SUPPLIED RECORDS
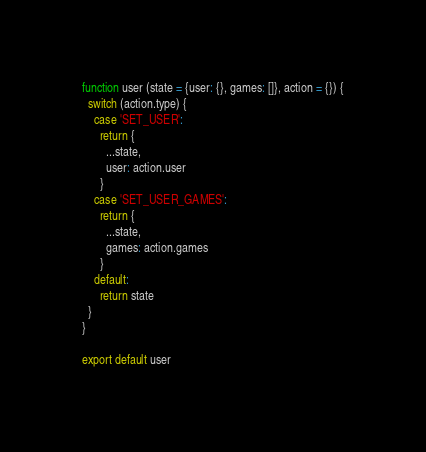Convert code to text. <code><loc_0><loc_0><loc_500><loc_500><_JavaScript_>function user (state = {user: {}, games: []}, action = {}) {
  switch (action.type) {
    case 'SET_USER':
      return {
        ...state,
        user: action.user
      }
    case 'SET_USER_GAMES':
      return {
        ...state,
        games: action.games
      }
    default:
      return state
  }
}

export default user
</code> 
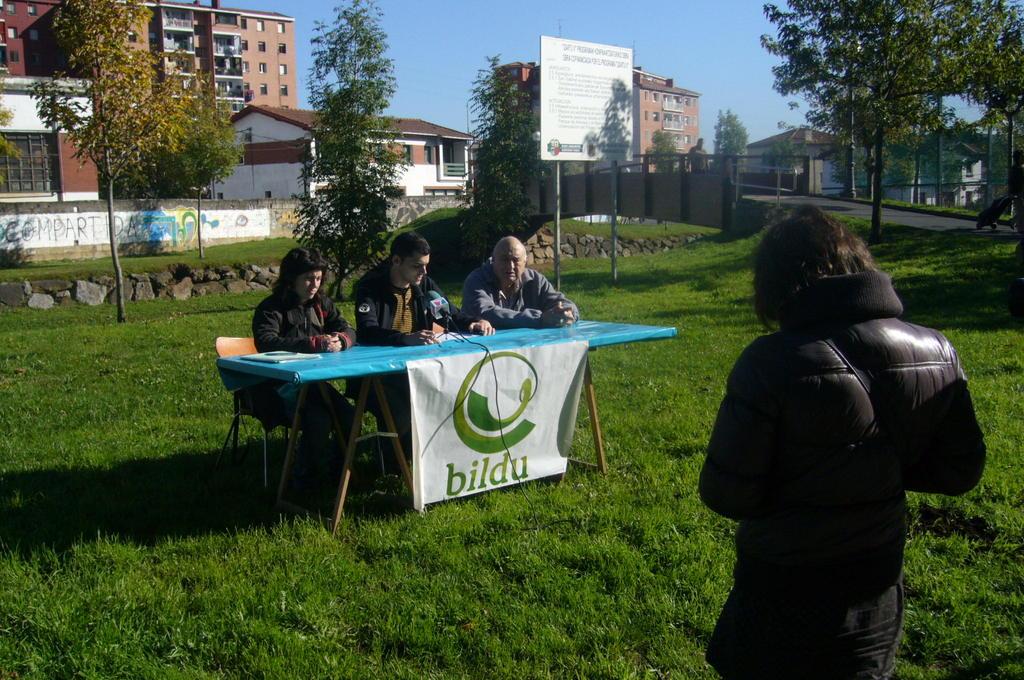What is the name on the table banner?
Provide a succinct answer. Bildu. What are they sitting are the desk for?
Make the answer very short. Bildu. 
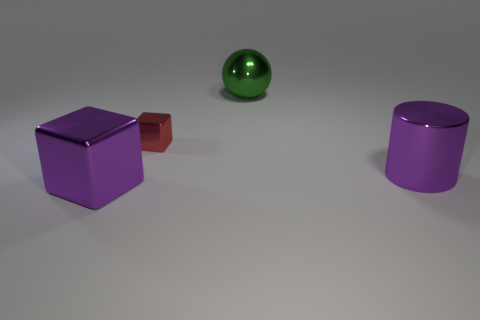What number of other objects are there of the same material as the purple cube? In the image, there is a total of one other object made of the same glossy material as the purple cube, which is the purple cylinder. 
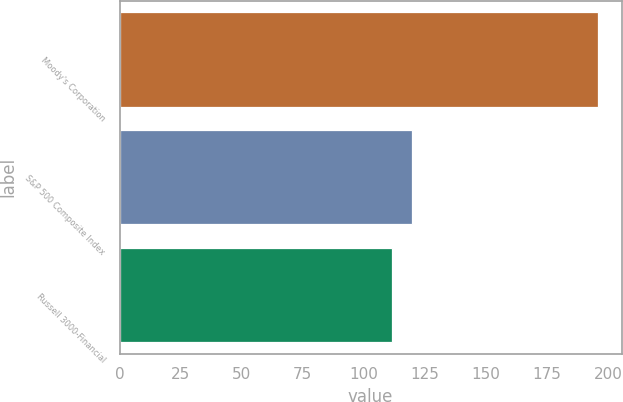Convert chart. <chart><loc_0><loc_0><loc_500><loc_500><bar_chart><fcel>Moody's Corporation<fcel>S&P 500 Composite Index<fcel>Russell 3000-Financial<nl><fcel>195.83<fcel>119.93<fcel>111.5<nl></chart> 
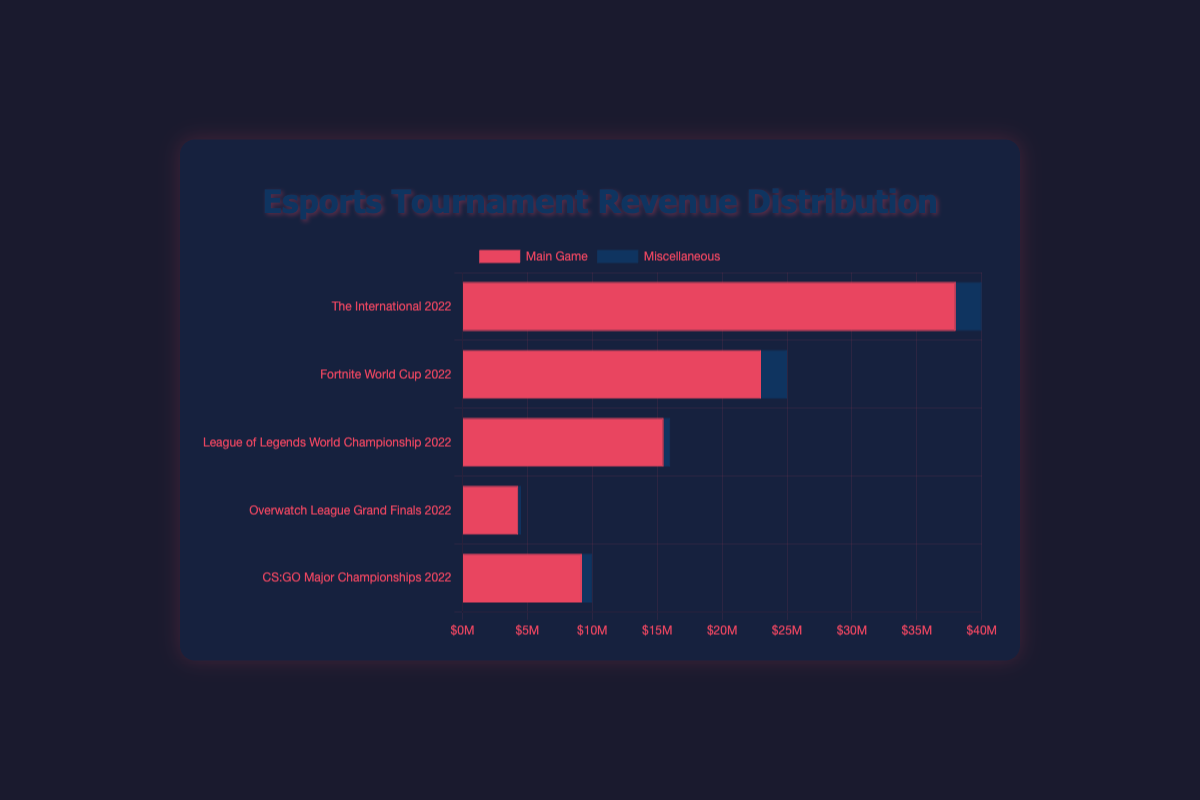How much revenue did the top two revenue-generating tournaments make in total? To find the total revenue of the top two revenue-generating tournaments, add the total revenue of "The International 2022" ($40,000,000) and "Fortnite World Cup 2022" ($25,000,000). The total is $40,000,000 + $25,000,000 = $65,000,000.
Answer: $65,000,000 Which tournament had the highest miscellaneous revenue? By comparing the miscellaneous revenue segments of all tournaments, "The International 2022" had the highest miscellaneous revenue, amounting to $2,000,000.
Answer: The International 2022 How much more revenue did "Fortnite World Cup 2022" generate from Fortnite compared to the total revenue of the "Overwatch League Grand Finals 2022"? Compare the revenue from Fortnite ($23,000,000) to the total revenue of the "Overwatch League Grand Finals 2022" ($4,500,000). The difference is $23,000,000 - $4,500,000 = $18,500,000.
Answer: $18,500,000 How much less revenue did "CS:GO Major Championships 2022" generate in total compared to "The International 2022"? Subtract the total revenue of "CS:GO Major Championships 2022" ($10,000,000) from "The International 2022" ($40,000,000). The difference is $40,000,000 - $10,000,000 = $30,000,000.
Answer: $30,000,000 Which tournament had the smallest proportion of its total revenue coming from miscellaneous games? By comparing the miscellaneous revenue as a proportion of the total for each tournament, "League of Legends World Championship 2022" had the smallest proportion, with $500,000 out of $16,000,000.
Answer: League of Legends World Championship 2022 What is the combined total revenue of the tournaments with the smallest and largest total revenues? The smallest total revenue is "Overwatch League Grand Finals 2022" ($4,500,000) and the largest is "The International 2022" ($40,000,000). Their combined total revenue is $4,500,000 + $40,000,000 = $44,500,000.
Answer: $44,500,000 Which game's revenue made up the largest part of its respective tournament's total revenue? "League of Legends" made up $15,500,000 of the $16,000,000 total revenue for "League of Legends World Championship 2022", which is the highest proportion (approximately 96.9%).
Answer: League of Legends 
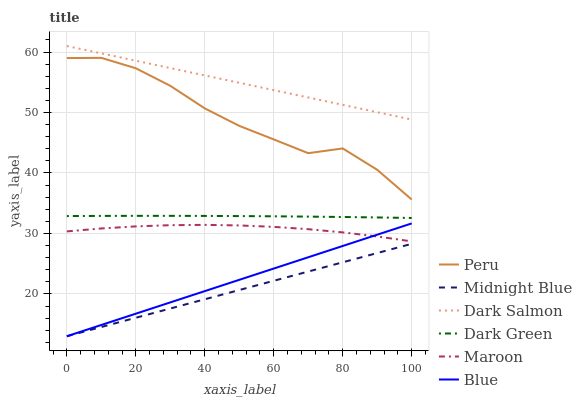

YOUR INSTRUCTIONS
Your task is to give again, unchanged, the lines from the line that contains "Answer: League of Legends World" to the end of the records. Include both end lines but no pictures.

ANSWER TO THE EXERCISE
Answer: League of Legends World Championship 2022 What is the combined total revenue of the tournaments with the smallest and largest total revenues? The smallest total revenue is "Overwatch League Grand Finals 2022" ($4,500,000) and the largest is "The International 2022" ($40,000,000). Their combined total revenue is $4,500,000 + $40,000,000 = $44,500,000.
Answer: $44,500,000 Which game's revenue made up the largest part of its respective tournament's total revenue? "League of Legends" made up $15,500,000 of the $16,000,000 total revenue for "League of Legends World Championship 2022", which is the highest proportion (approximately 96.9%).
Answer: League of Legends 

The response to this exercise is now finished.